EXTRACTED MATERIAL ▸
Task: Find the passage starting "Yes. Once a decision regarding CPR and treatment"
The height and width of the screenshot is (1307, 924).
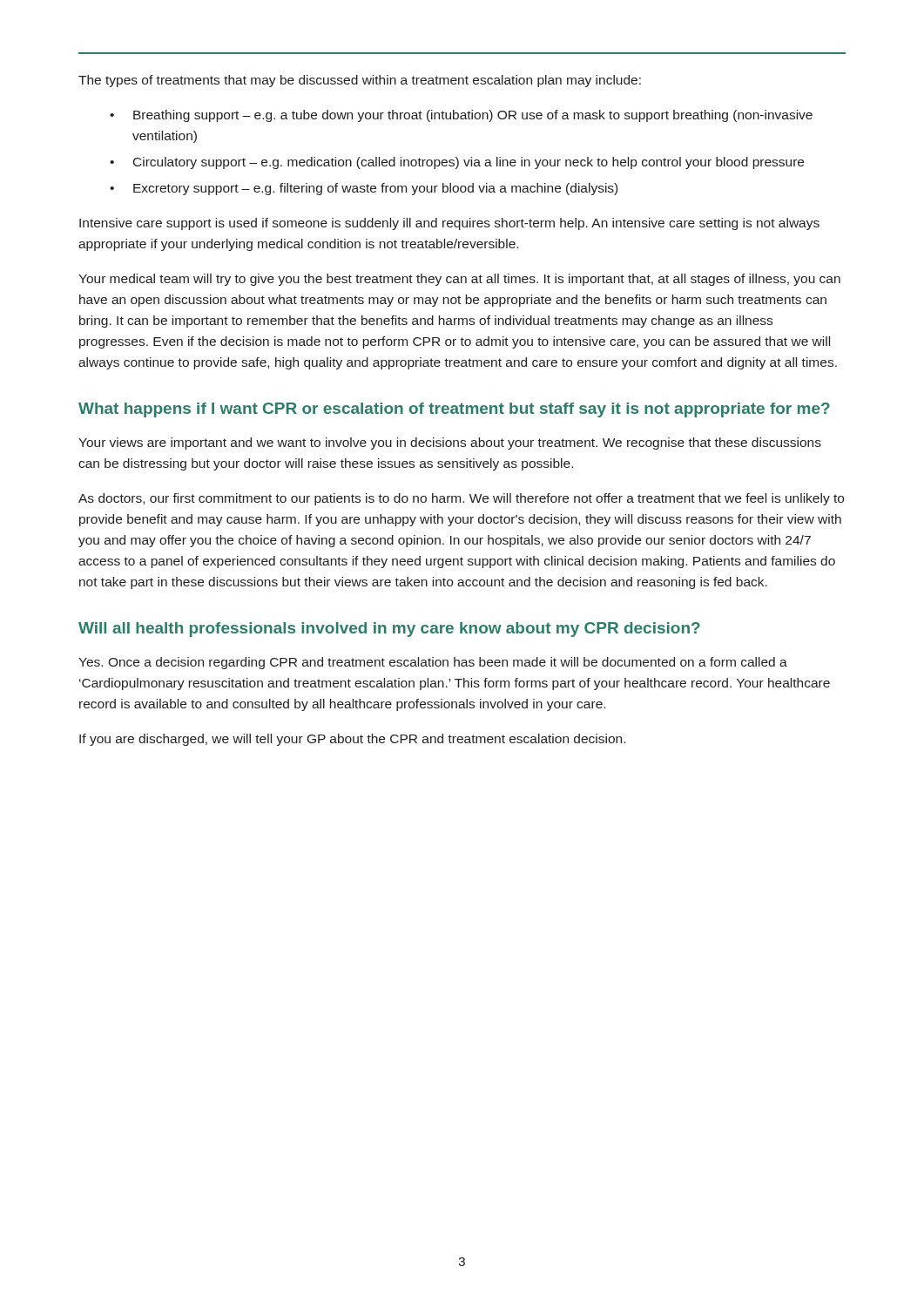Action: click(x=454, y=682)
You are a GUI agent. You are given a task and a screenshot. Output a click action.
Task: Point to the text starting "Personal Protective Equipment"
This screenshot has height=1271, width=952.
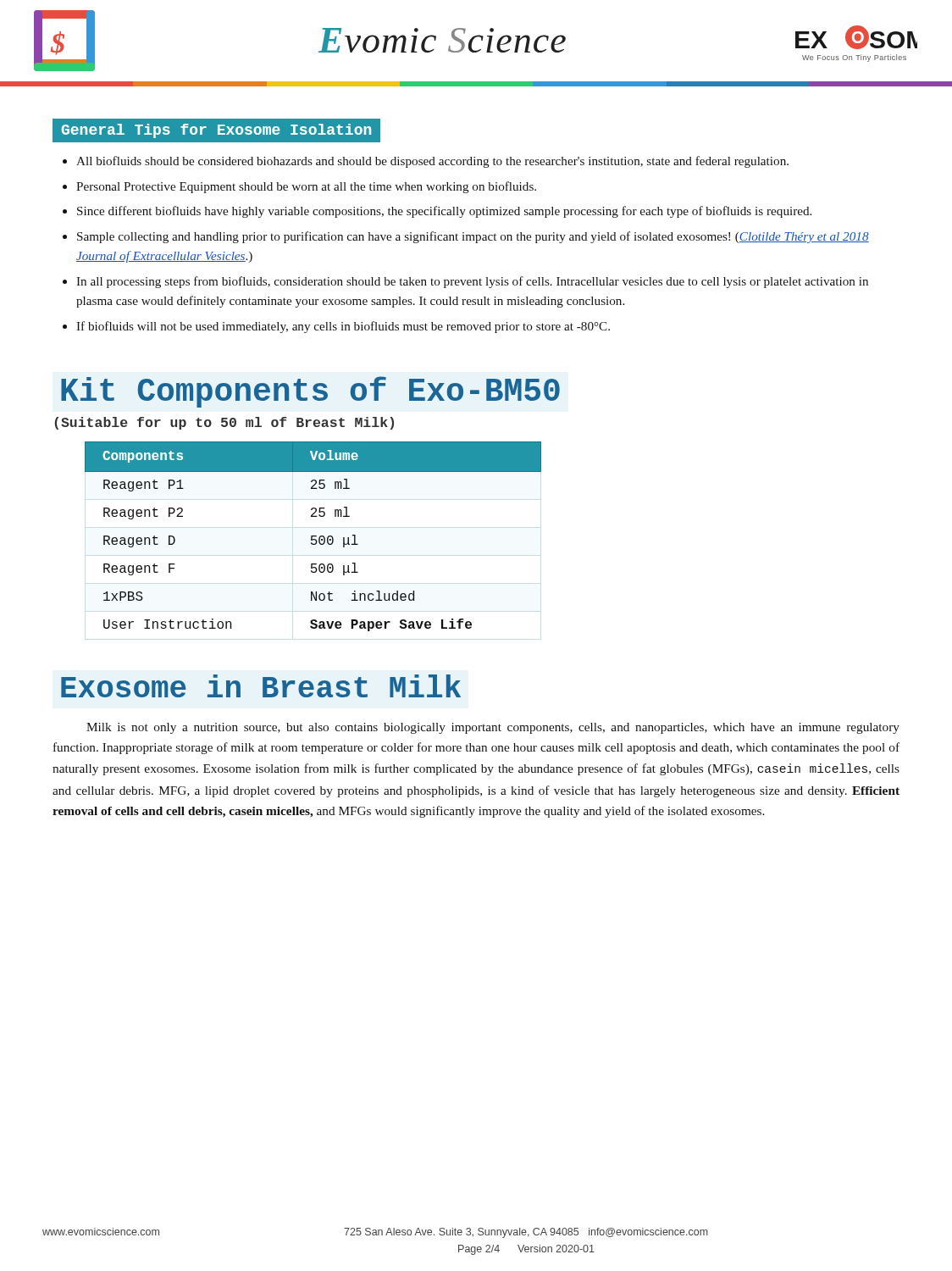click(307, 186)
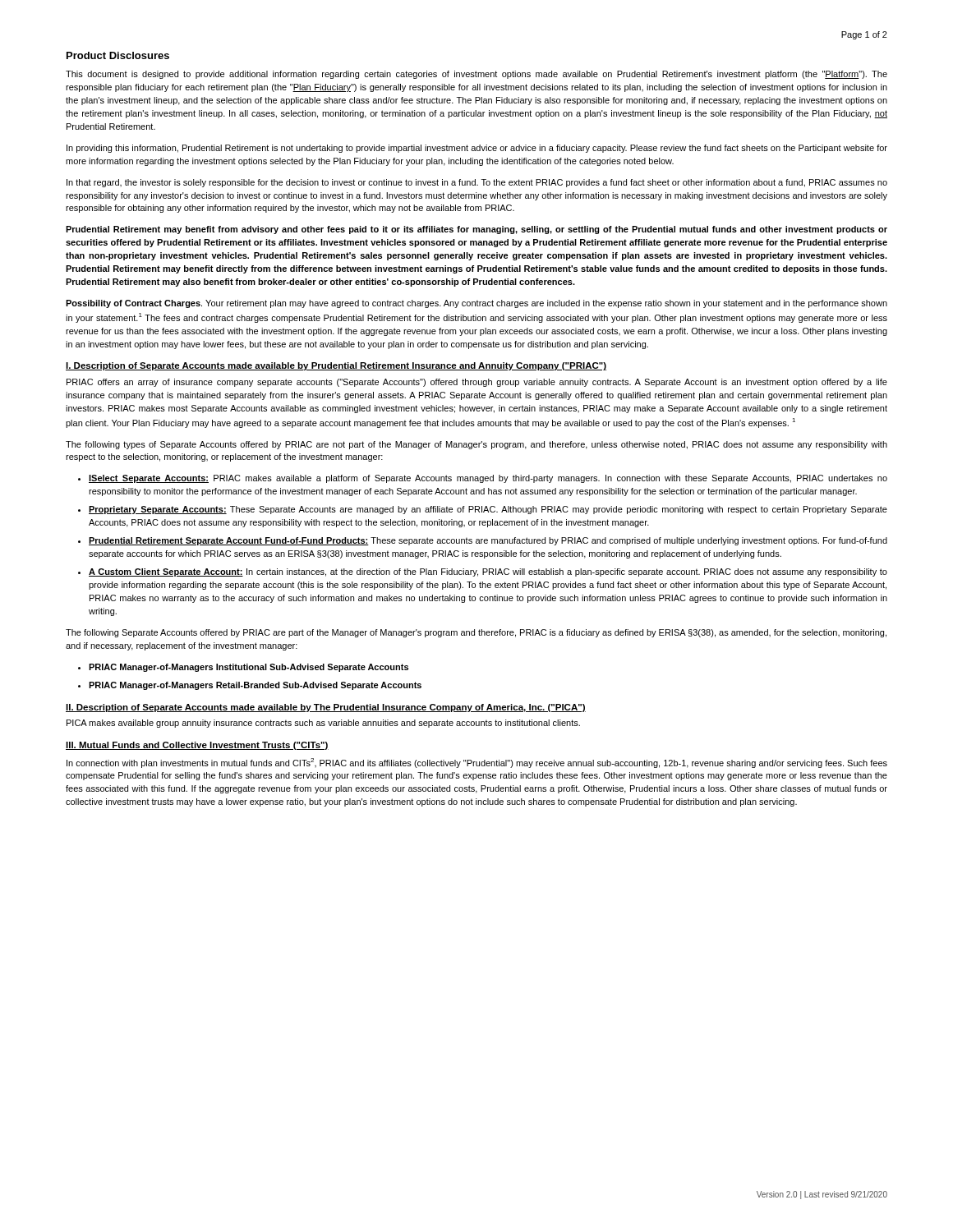Where is the section header that starts "I. Description of Separate Accounts"?
953x1232 pixels.
click(x=476, y=366)
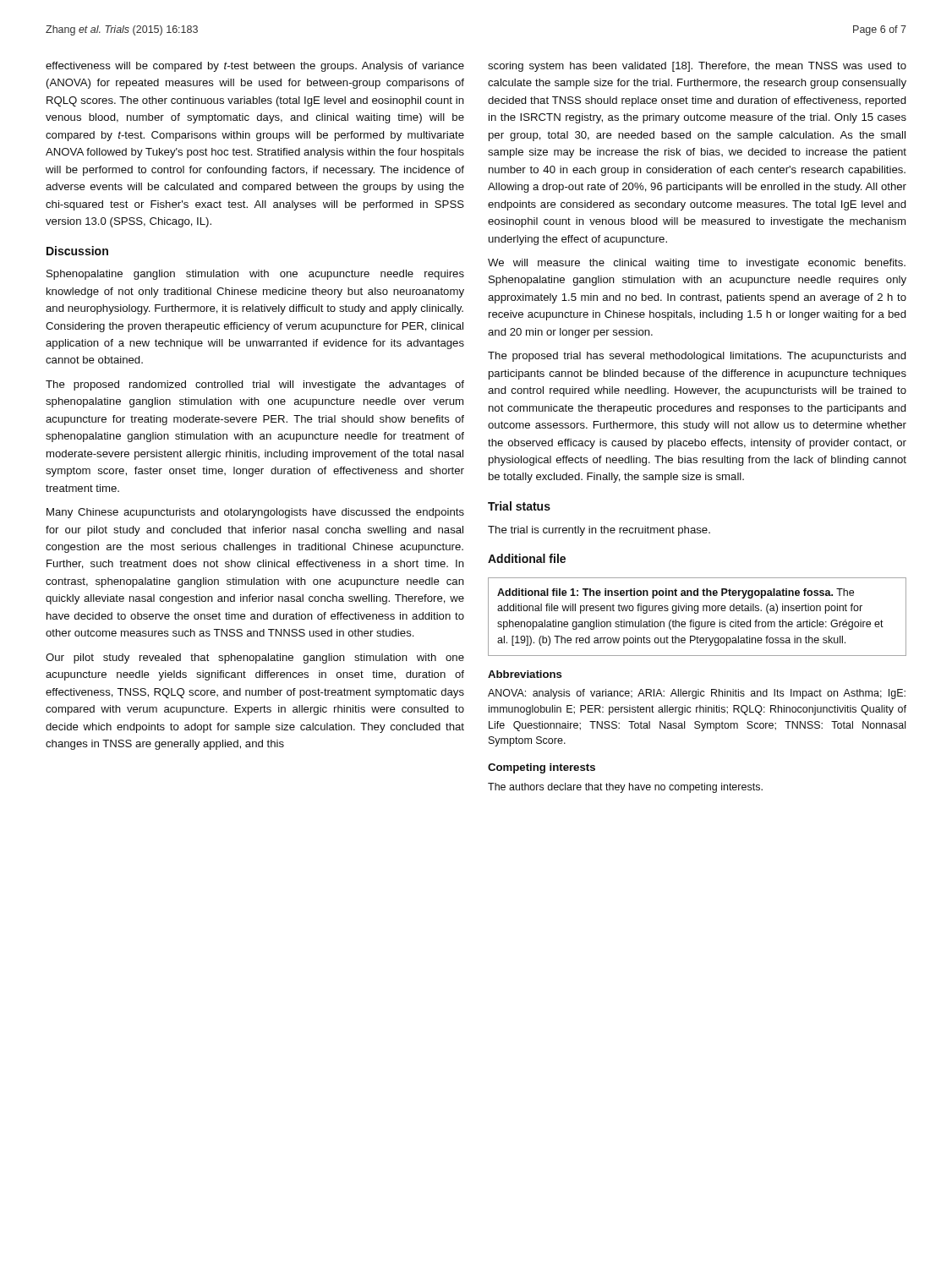
Task: Select the section header that reads "Additional file"
Action: pos(527,559)
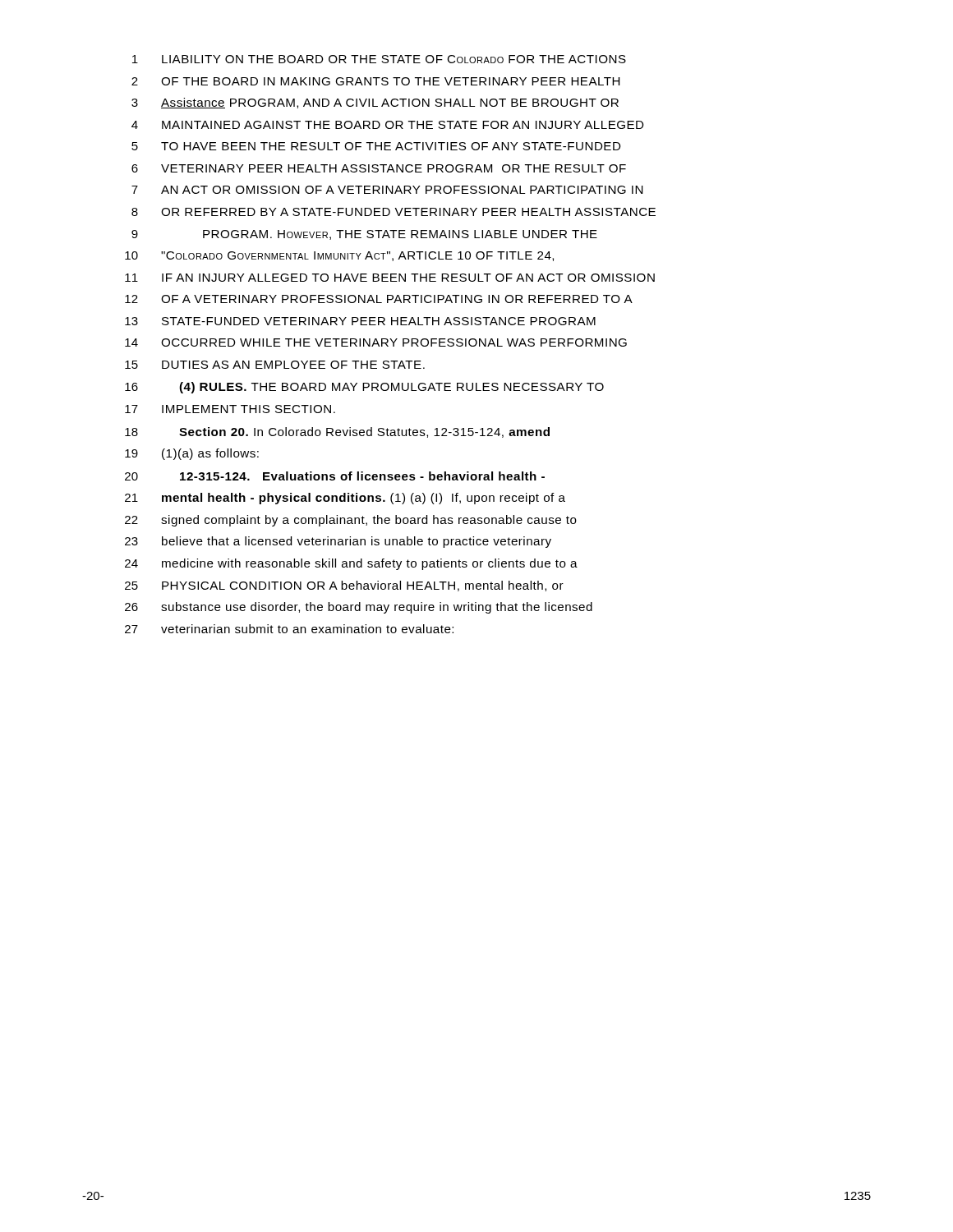
Task: Select the text starting "2 of the Board in"
Action: [x=489, y=81]

WHAT YOU SHOULD DO ▸
The output must start at the line holding "You are a GUI", end at the last line of the listing above, and show each line exactly; please omit all pictures.

ANSWER SPACE ▸
You are a GUI agent. You are given a task and a screenshot. Output a click action.
Task: Point to the text starting "Personal Protective Equipment"
This screenshot has height=1271, width=952.
click(307, 186)
Where is the section header that starts "I. Description of Separate Accounts"?
953x1232 pixels.
click(x=476, y=366)
Task: Select the section header that reads "Additional file"
Action: pos(527,559)
Task: Select the text starting "2 of the Board in"
Action: [x=489, y=81]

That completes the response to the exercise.